CloudWatch Cross-Account Observability
Monitoring applications deployed across multiple AWS accounts within a single AWS Region can be challenging. Amazon CloudWatch's cross-account observability1 simplifies this process by enabling seamless monitoring and troubleshooting of applications spanning multiple accounts within a AWS Region2. This tutorial provides a step-by-step guide, complete with screenshots, on configuring cross-account observability between two AWS accounts. Additionally, it's worth noting that deployment can also be achieved through AWS Organizations for broader scalability.
Terminology
For effective cross-account observability with Amazon CloudWatch, you must understand the following key terms:
| Term | Description |
|---|---|
| Monitoring Account | A central AWS account that can view and interact with observability data generated from multiple source accounts |
| Source Account | An individual AWS account that generates observability data for the resources that reside in it |
| Sink | A resource in a monitoring account that serves as an attachment point for source accounts to link and share their observability data. Each account can have one Sink per AWS Region2 |
| Observability Link | A resource that represents the connection established between a source account and a monitoring account, facilitating the sharing of observability data. Links are managed by the source account. |
Understand these definitions to successfully configure and manage cross-account observability in Amazon CloudWatch.
Step by Step Tutorial via AWS Console
Prerequisites
-
To complete this tutorial, you need three AWS accounts: one Monitoring Account and two Source Accounts.
-
A user or role must have at least the permissions documented in the AWS CloudWatch cross-account setup guide3 to create cross-account links between a monitoring account and source accounts.

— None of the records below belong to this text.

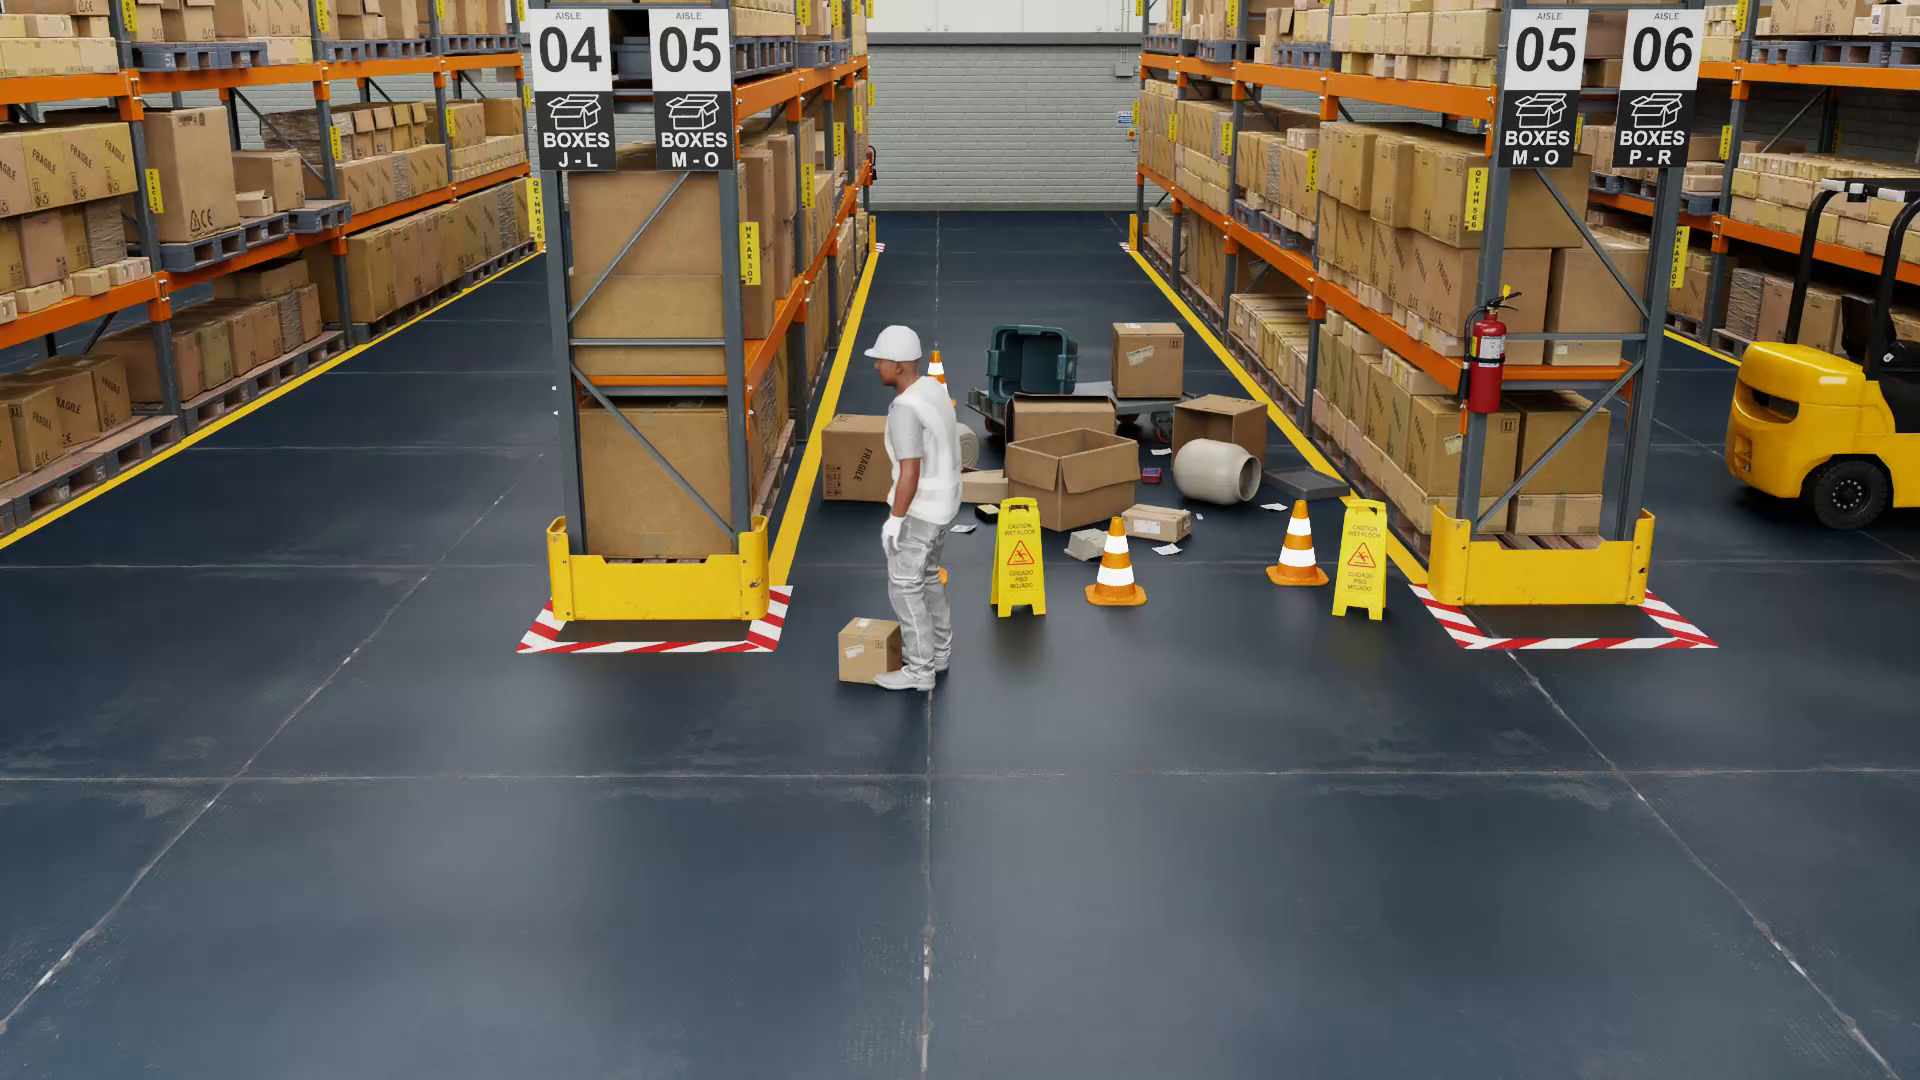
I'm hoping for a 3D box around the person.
[{"bbox_3d":[-0.224,-0.153,8.023,0.444,1.775,0.629,4,17,14],"label":"person"}]
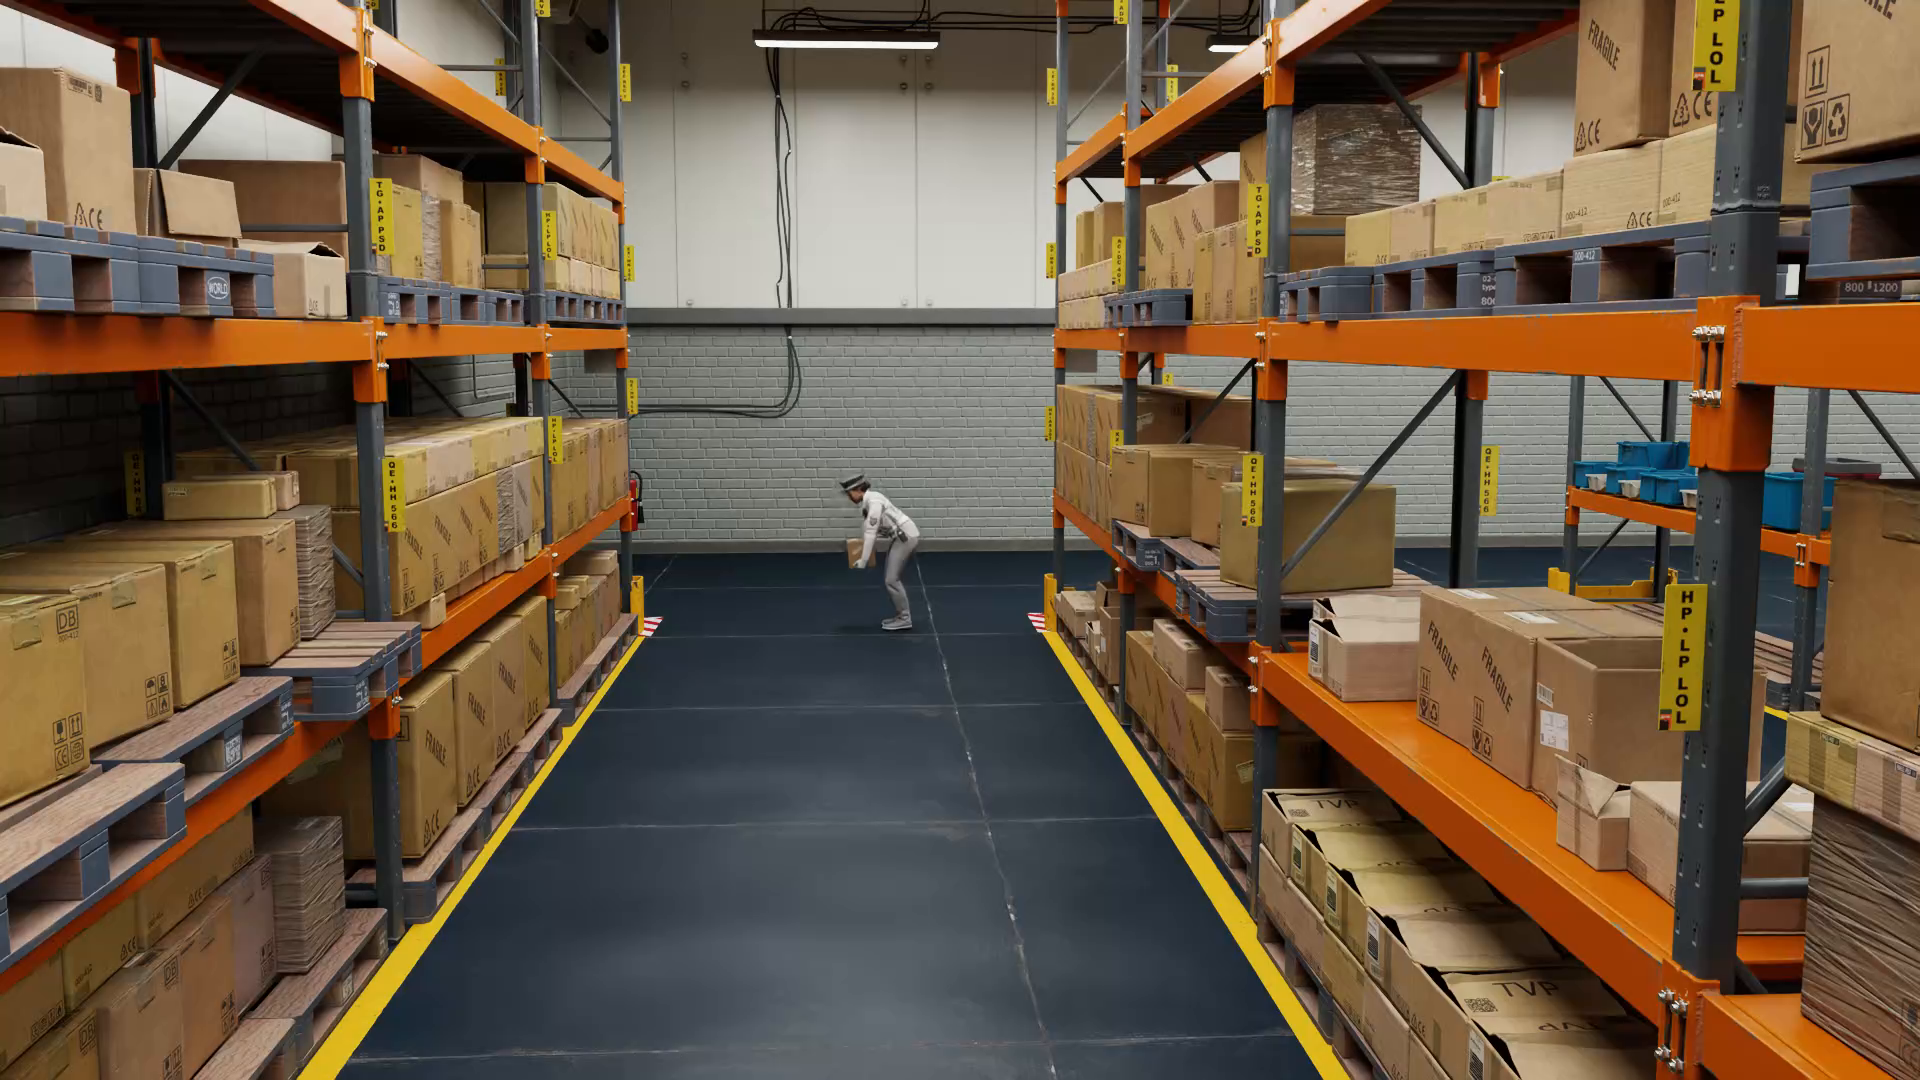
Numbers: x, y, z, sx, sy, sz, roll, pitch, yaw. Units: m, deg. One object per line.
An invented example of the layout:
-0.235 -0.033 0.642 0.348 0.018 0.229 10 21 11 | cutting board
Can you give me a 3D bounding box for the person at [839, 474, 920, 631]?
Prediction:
-0.756 0.106 15.692 0.756 1.474 0.415 -1 7 -5 | person
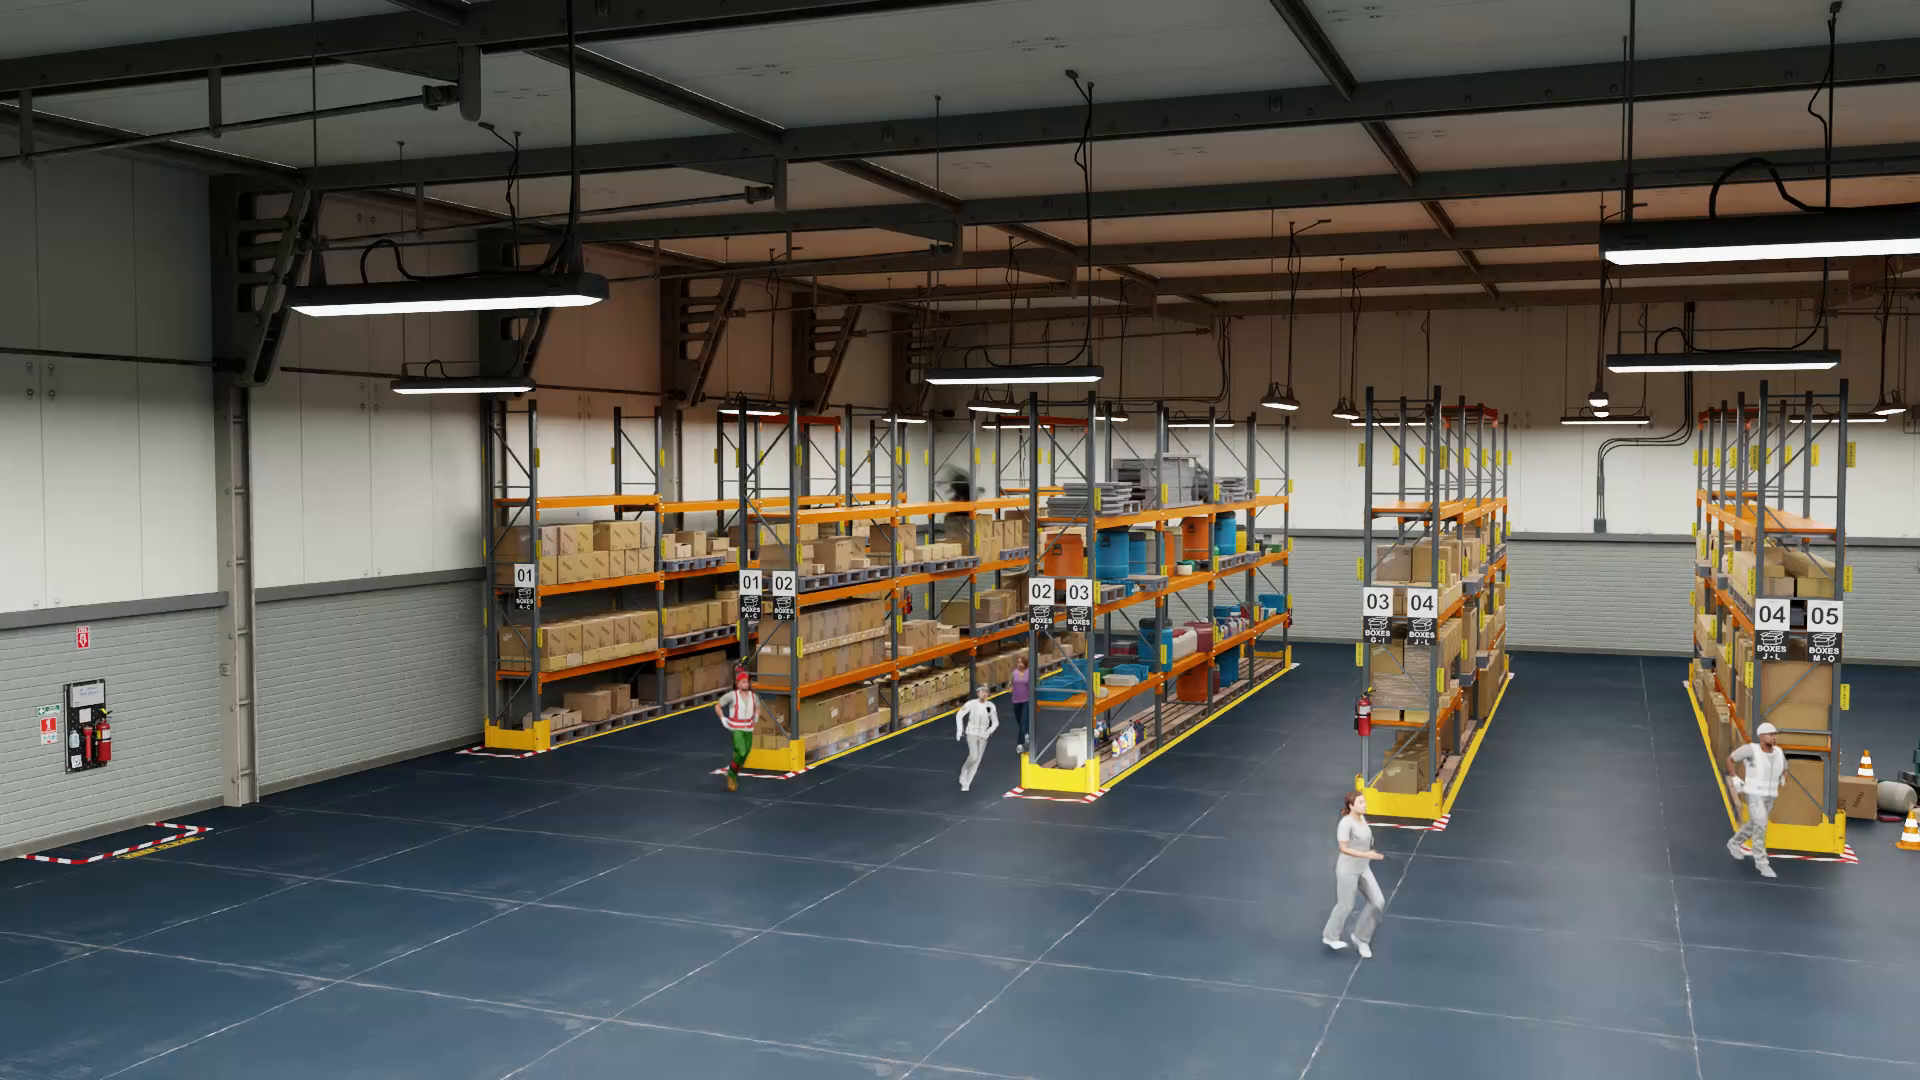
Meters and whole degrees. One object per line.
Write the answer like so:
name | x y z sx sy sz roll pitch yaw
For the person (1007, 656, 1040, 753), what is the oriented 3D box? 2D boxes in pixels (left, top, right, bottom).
person | 1.070 2.782 28.498 0.540 1.597 0.879 1 3 19

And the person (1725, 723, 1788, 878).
person | 9.752 3.124 20.265 0.702 1.813 0.921 -1 3 -15

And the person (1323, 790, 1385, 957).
person | 3.973 3.356 16.702 0.576 1.713 0.705 -2 4 -41

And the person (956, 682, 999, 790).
person | 0.288 2.952 24.968 0.626 1.623 0.548 -1 3 -11

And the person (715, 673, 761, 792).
person | -3.276 2.879 25.012 0.689 1.763 0.603 -2 4 -37

Step 1: Set up a Monitoring Account
Monitoring Account
To set up a monitoring account, follow these steps:
-
Open the CloudWatch console at https://console.aws.amazon.com/cloudwatch and select the AWS region where you will configure the cross-account monitoring account, for the scope of this demo we will use Europe (Frankfurt) region (eu-central-1).
-
In the navigation pane, select Settings.
-
For the scope of this demo, we will use the default Account Global settings, and then select Configure within the section of Monitoring account configuration.
-
After selecting the types of data to share with the monitoring account, paste the Source Account IDs into the "List source accounts" box. For this demo, IDs of WorkloadAcc1 and WorkloadAcc2 are used. Metrics, Logs, and Traces are selected. Only Metrics and Logs allow filtering; all others are always fully shared. Note that for ServiceLens and X-Ray, you must enable metrics, logs, and traces. For Application Insights, also enable Application Insights applications. For Internet Monitor, enable metrics, logs, and Internet Monitor – Monitors.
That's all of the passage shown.